The Devil’s Diary by Robert K Wittman and David Kinney
William Collins, £20
The story of The Devil’s Diary opens in God’s Garden. In 1945, as General Patton’s army closed in, Nazi aristocrat Kurt von Behr was anxious to cut a deal with American military intelligence. His palace, a former Benedictine monastery, overlooked a stretch of Bavarian countryside so lovely it was called Gottesgarten. Inside the palace was a mother lode of confidential Nazi documents.
No deal was offered. Von Behr and his wife toasted the end with cyanide-laced champagne. Among the papers was the personal diary, covering the years 1934 to 1944, of Alfred Rosenberg, who would be hanged in October 1946 in Nuremberg.
Auschwitz commandant Rudolf Höss said that the words of three men prepared him psychologically to carry out his task: Hitler, Goebbels and Rosenberg. In it from the start, Rosenberg was at Hitler’s side during the Beer Hall Putsch. He edited the Nazi weekly newspaper and wrote reams of pseudo-philosophy in the “battle for the soul of the people”. During the war years, he headed the ministry overseeing the newly conquered eastern territories.
By 1949, however, the Rosenberg diary had vanished. Tidal waves of documents were surging back and forth across Europe and America. Some documents passed through countless hands: military intelligence, prosecutors, historians, file keepers, archivists. Not all were scrupulous.

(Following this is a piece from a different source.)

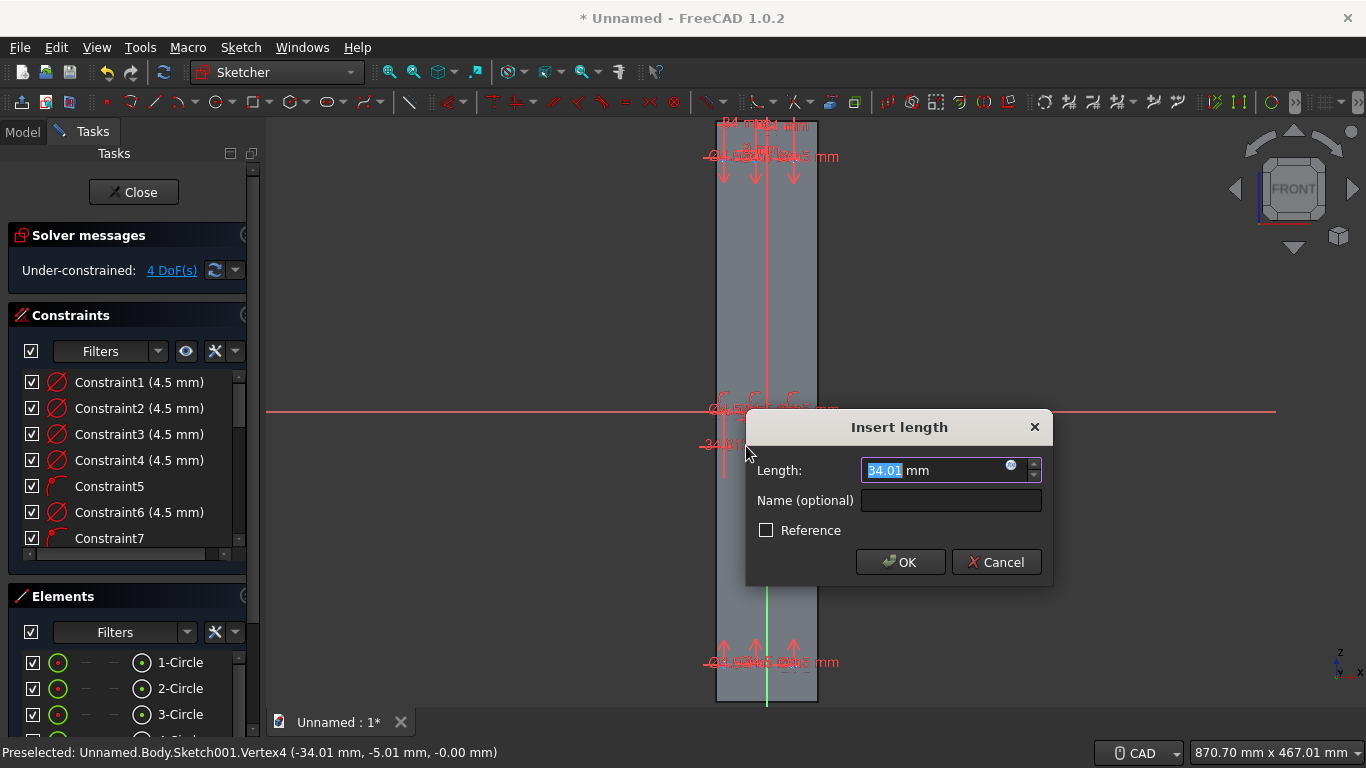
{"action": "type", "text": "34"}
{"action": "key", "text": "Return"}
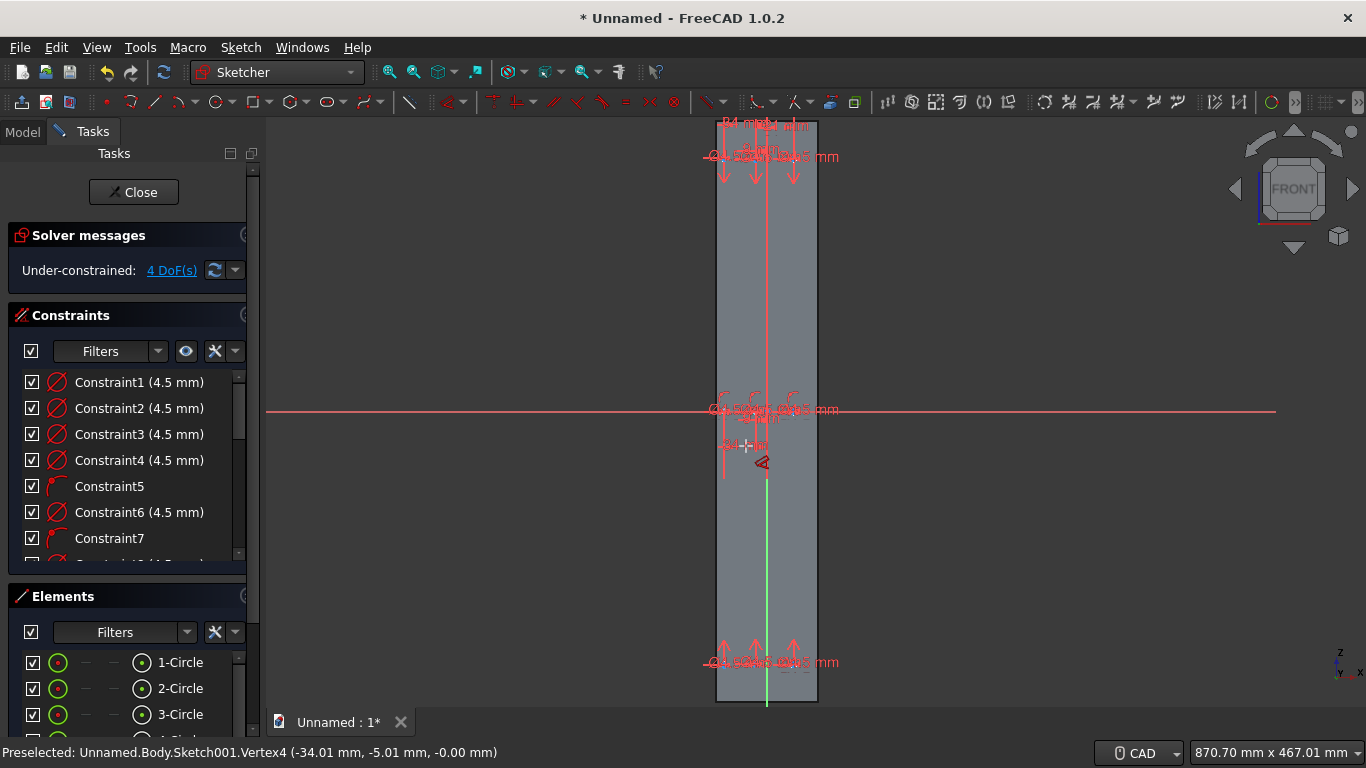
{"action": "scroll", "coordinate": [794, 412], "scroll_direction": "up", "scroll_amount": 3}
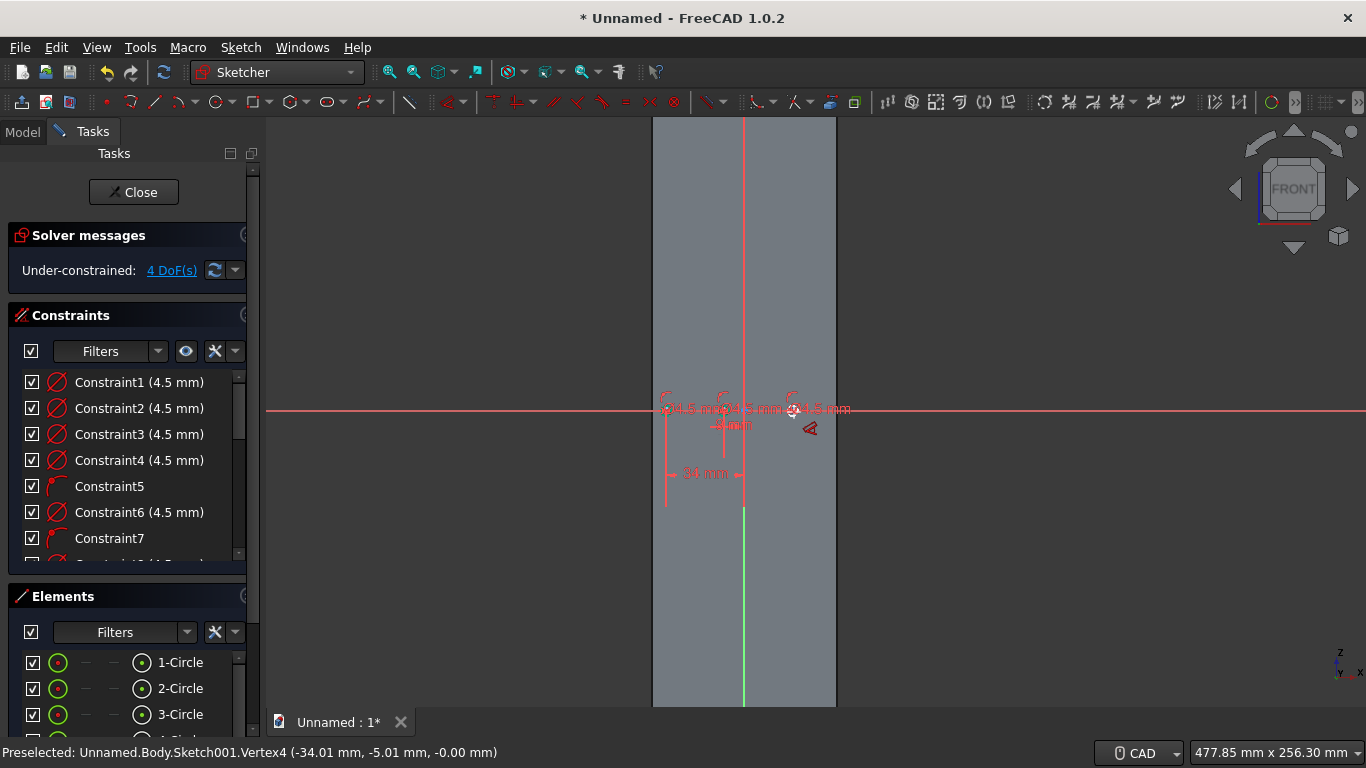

Part of Robert Wittman and David Kinney’s book is about how Rosenberg’s 500 handwritten pages came to be secreted in suburban Philadelphia and upstate New York. Wittman is the ex-FBI art crime specialist who finally tracked the diary down.
The papers were originally smuggled to America by Walter Kempner, part of the prosecuting team at Nuremberg, a German Jew who had fled to the States just as the Nazi vice tightened around Europe. Kempner seems to have been a prickly, difficult, self-centred character. The book evolves into a setting of parallel lives: Kempner fleeing and returning; Rosenberg conquering and then captured. The diaries themselves, which are heavily quoted, reveal a mind hissing and spitting with fury and grievance.
Rosenberg’s deep hatred of Christianity provides an opportunity to revisit Nazi relations with the Catholic Church. The German Church, like other parts of the Establishment, thought it could cut deals with and contain Hitler, confronting the Nazis without provoking their worst excesses. I hadn’t known that sermons by German bishops denouncing Nazi euthanasia were air-dropped by the British over Germany and occupied Europe. Rosenberg weighed up Hitler’s reaction: “He’d let them have all the imbeciles to use as priests.”
The Bishop of Münster intoned: “There are heathens again in Germany. The so-called eternal racial soul is in reality a nullity.” Rosenberg wrote in response: “Rome’s counterattack should have its answer. They’ve realised that everything’s now at stake. Rome’s Christianity is founded on fear and humility, National Socialism on courage and pride.” He called the annual march commemorating the Beer Hall Putsch a Germanic Corpus Christi procession. Rosenberg, by the way, made it on to the Vatican’s Index of censored books. Mein Kampf didn’t.
The authors have shone fresh light on the old, dismaying tale of Nazism. As the book wears on, readers must brace themselves for page after page recording the depraved, heartless violence inflicted on the Jews of Europe and overcome the temptation to toss the book aside in disgust. It remains necessary to remind ourselves how low humanity can stoop.